Managing Kubernetes infrastructure is about management complexity. Hence, having a solid infrastructure design, applying best practices and standards, increasing the team's Kubernetes-specific skills, and expertise will all result in a smooth operational and manageability journey.


Exploring Kubernetes deployment strategy alternatives

Kubernetes and its ecosystem come with vast choices for everything you can do related to deploying, orchestrating, and operating your workloads. This flexibility is a huge advantage, and enables Kubernetes to suit different use cases, from regular applications on-premises and in the cloud to IoT and edge computing. However, choices come with responsibility, and in this chapter, we learn about the technical decisions that you need to evaluate and take regarding your cluster deployment architecture..

One of the important questions to ask and a decision to make is where to deploy your clusters, and how many of them you may need in order to run your containerized workloads? The answer is usually driven by both business and technical factors; elements such as the existing infrastructure, cloud transformation plan, cloud budget, the team size, and business growth target. All of these aspects could affect this, and this is why the owner of the Kubernetes initiative has to collaborate with organization teams and executives to reach a common understanding of the decision drivers, and agree on the right direction for their business.

We are going to explore some of the common Kubernetes deployment architecture alternatives, with their use cases, benefits, and drawbacks:

  • Multi-availability-zones clusters: This is the mainstream architecture for deploying a high availability (HA) cluster in a public cloud. Because running clusters in a multi-availability zones is usually supported by all public cloud providers, and, at the same time, it achieves an acceptable level of HA. This drives the majority of new users of Kubernetes to opt for this choice. However, if you have essential requirements to run your workloads in different regions, this option will not be helpful.
  • Multi-region clusters: Unless you have a requirement to run your clusters in multiple regions, there is little motivation to opt for it. While a public cloud provider to lose an entire region is a rare thing, but if you have the budget to do a proper design and overcome the operational challenges, then you can opt for a multi-region setup. It will definitely provide you with enhanced HA and reliability levels.
  • Hybrid cloud clusters: A hybrid cloud is common practice for an organization migrating from on-premise to the public cloud and that is going through a transitional period where they have workloads or data split between their old infrastructure and the new cloud infrastructure. Hybrid could also be a permanent setup, where an organization wants to keep part of its infrastructure on-premise either for security reasons (think about sensitive data), or due to the impossibility of migrating to the cloud. Kubernetes is an enabler of the hybrid cloud model, especially with managed cluster management solutions such as Google Anthos. This nevertheless entails higher costs in terms of provision and operation.
  • Multi-cloud clusters: Unlike hybrid cloud clusters, I find multi-cloud clusters to be an uncommon pattern, as it usually lacks the strong drivers behind it. You can run multiple different systems in multi-cloud clusters for a variety of reasons, but deploying a single system across two or more clouds over Kubernetes is not common, and you should be cautious before moving in this direction. However, I can understand the motivating factors behind some organizations doing this, such as avoiding cloud lock-in with a particular provider, leveraging pricing models with different providers for cost optimization, minimizing latency, or even achieving ultimate reliability for the workloads.
  • On-premises clusters: If an organization decides not to move to the cloud, Kubernetes still can manage their infrastructure on-premises, and actually, Kubernetes is a reasonable choice to manage the on-prem workload in a modern fashion, however, the solid on-prem managed Kubernetes solutions still very few.
  • Edge clusters: Kubernetes is gaining traction in edge computing and the IoT world. It provides an abstraction to the underlying hardware, it is ideal for distributed computing needs, and the massive Kubernetes ecosystem helps to come out with multiple open source and third-party projects that fit edge computing nature, such as KubeEdge and K3s.
  • Local clusters: You can run Kubernetes on your local machine using tools such as Minikube or Kind (Kubernetes in Docker). The purpose of using a local cluster is for trials, learning, and for use by developers.

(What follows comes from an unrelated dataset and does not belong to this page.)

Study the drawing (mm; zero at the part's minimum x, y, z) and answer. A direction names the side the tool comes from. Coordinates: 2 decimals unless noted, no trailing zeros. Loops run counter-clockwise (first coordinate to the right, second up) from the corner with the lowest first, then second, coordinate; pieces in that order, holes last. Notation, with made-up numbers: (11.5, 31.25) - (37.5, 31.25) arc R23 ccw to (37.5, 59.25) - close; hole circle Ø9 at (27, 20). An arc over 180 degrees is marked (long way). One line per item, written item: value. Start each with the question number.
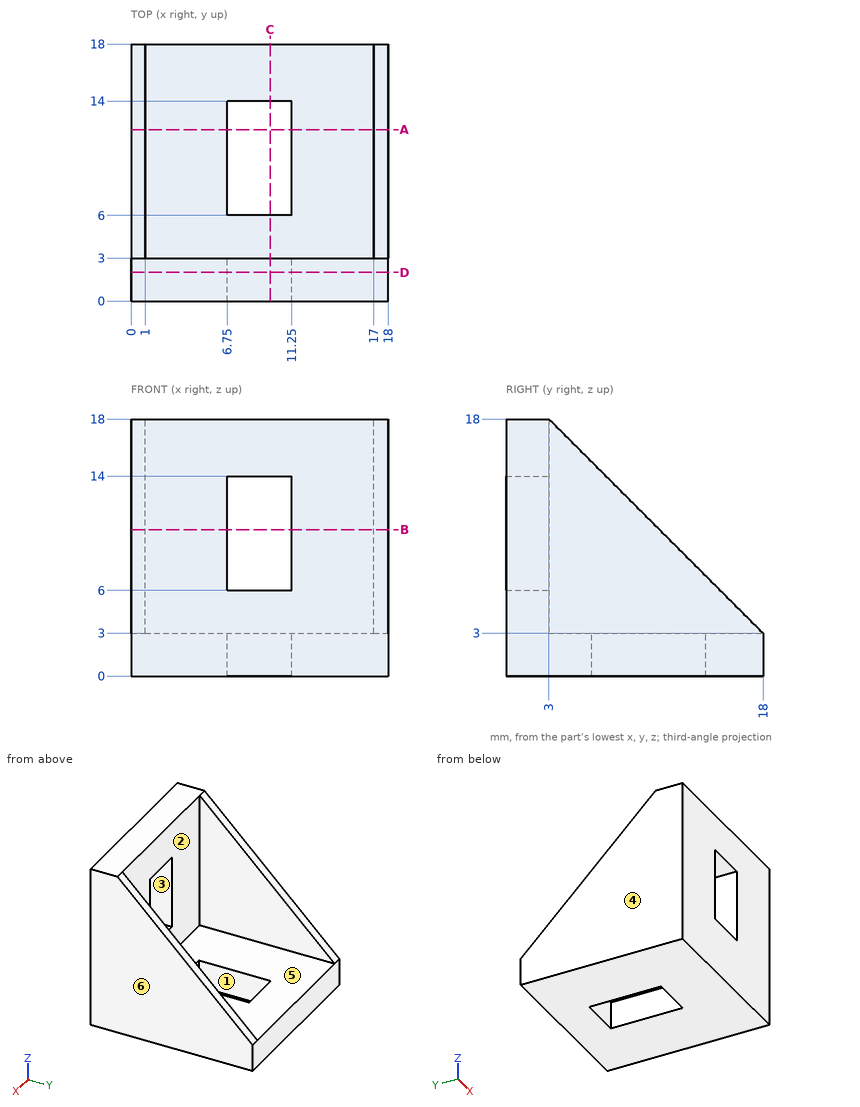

We have discussed the various clusters deployments architectures and models available and their use cases. In the next section, we will learn work on designing the Kubernetes infrastructure that we will use in this book, and the technical decisions around it..


Designing an Amazon EKS infrastructure

In this chapter, we have discussed and explored various aspects of Kubernetes clusters design, and the different architectural considerations that you need to take into account. Now, we need to put things together for the design that we will follow during this book. The decisions that we will make here do not mean that they are the only right ones, but this is the preferred design that we will follow in terms of having minimally acceptable production clusters for this book's practical exercise. You can definitely use the same design, but with modifications, such as cluster sizing.

In the following sections, we will explore our choices regarding the cloud provider, provisioning and configuration tools, and the overall infrastructure architecture, and in the chapters to follow, we will build upon these choices and use them to provision production-like clusters as well as deploy the configuration and services above the cluster.

Choosing the infrastructure provider

As we learned in the previous sections, there are different ways in which to deploy Kubernetes. You can deploy it locally, on-premises, or in a public cloud, private cloud, hybrid, multi-cloud, or an edge location. Each of these infrastructure type has use cases, benefits, and drawbacks. However, the most common one is the public cloud, followed by the hybrid model. The remaining choices are still limited to specific use cases.

In a single book like ours, we cannot discuss each of these infrastructure platforms, so we decided to go with the common choice for deploying Kubernetes, by using one of the public clouds (AWS, Azure, or GCP). You still can use another cloud provider, a private cloud, or even an on-premises setup, and most of the concepts and best practices discussed in this book are still applicable.

When it comes to choosing one of the public clouds, we do not advocate one over the others, and we definitely recommend using the cloud provider that you already use for your existing infrastructure, but if you are just embarking on your cloud journey, we advise you to perform a deeper benchmarking analysis between the public clouds to see which one is better for your business.

In the practical exercises in this book, we will use AWS and the Elastic Kubernetes Service (EKS). We explained in the previous chapter regarding the infrastructure design principle that we always prefer a managed service over its self-managed counterpart, and this applies here when it comes to choosing between EKS and building our self-managed clusters over AWS.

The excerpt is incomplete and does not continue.